Publisher: Bonnier Zaffre
Published: February 6th, 2020
Format: Hardcover, Kindle
Genre: Gothic Fiction, Historical Fiction
Today I am thrilled to be taking part in the blog tour for this phenomenal novel. Thank you to Tracy at Compulsive Readers Tours for the invitation to take part and to Bonnier Zaffre for my gifted copy of this book.
Two women, bound by a child, and a secret that will change everything….
London, 1754. Six years after leaving her illegitimate daughter Clara at London’s Foundling Hospital, Bess Bright returns to reclaim the child she has never known. Dreading the worst, that Clara has died in care, she is astonished when she is told she has already claimed her. Her life is turned upside down as she tries to find out who has taken her little girl – and why.
Less than a mile from Bess’s lodgings in the city, in a quiet, gloomy townhouse on the edge of London, a young widow has not left the house in a decade. When her close friend – an ambitious young doctor at the Foundling Hospital – persuades her to hire a nursemaid for her daughter, she is hesitant to welcome someone new into her home and her life. But her past is threatening to catch up with her and tear her carefully constructed world apart.
From the bestselling author of The Familiars comes this captivating story of mothers and daughters, class and power, and love against the greatest of odds…

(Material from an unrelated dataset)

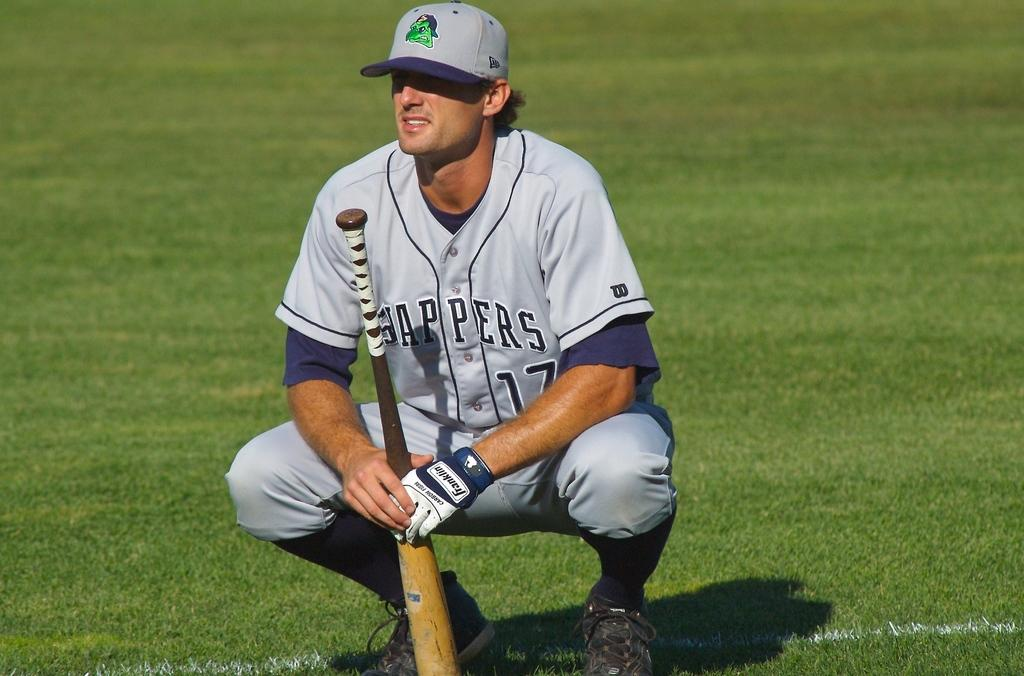Who is present in the image? There is a person in the image. What is the person wearing on their head? The person is wearing a cap. What is the person wearing on their hands? The person is wearing gloves. What position is the person in? The person is in a squat position. What object is the person holding? The person is holding a bat. What type of surface is visible on the ground in the image? There is grass on the ground in the image. What type of smoke can be seen coming from the bat in the image? There is no smoke coming from the bat in the image. The bat is an object used for hitting balls, not producing smoke.

Ms. Halls has once again created a masterpiece. The Foundling is a lush, enthralling and lingering read that left me speechless. It is very different from her debut novel, The Familiars, but again Halls has infused this story with her exquisite, pitch-perfect prose, luring me in slowly until the world outside this novel no longer existed.
The story is narrated by Bess and Alexandra, two very different women from two very different walks of life, and begins on a cold night in November 1747 when Bess, an impoverished shrimp hawker, arrives at the London Foundling Hospital with her newborn daughter, Clara. Unable to raise her she has come for the monthly raffle to try and give her child a chance of survival. When Clara is accepted, Bess vows to one day return and claim back her little girl, leaving behind a token of half a heart made out of whalebone and carved with their initials so she can be identified. Six years later she finally has enough money saved to return but is told that Clara was claimed the day after being left. And that she was the one who claimed her…
I don’t want to say much more about the plot as part of the beauty of this book is discovering it as you go along. We know that Clara/Charlotte was taken, so the mystery is why. When the story shifts to Alexandra’s dark, gloomy townhouse that is more like a prison full of fear than a home, we slowly begin unravelling the complex motivations that led to her being taken and discovering if Bess will be reunited with her daughter.
The two narrators are very different women at opposite ends of the social spectrum. Both were richly drawn and felt sympathetic and relatable. It was fascinating to read their diverse views on life and motherhood and how differently they dealt with the problems life has thrown their way. Though I wanted Bess to be reunited with her daughter properly, I also could never fully get behind either woman in their battle for the child as they both loved her, wanted what they thought was best and there would be no winners, only losers in this battle. With Clara/Charlotte facing heartache and loss whatever the outcome was. Ultimately the story became more of an exploration of what it really means to be a mother, to want what’s best for your child and what matters most when raising them.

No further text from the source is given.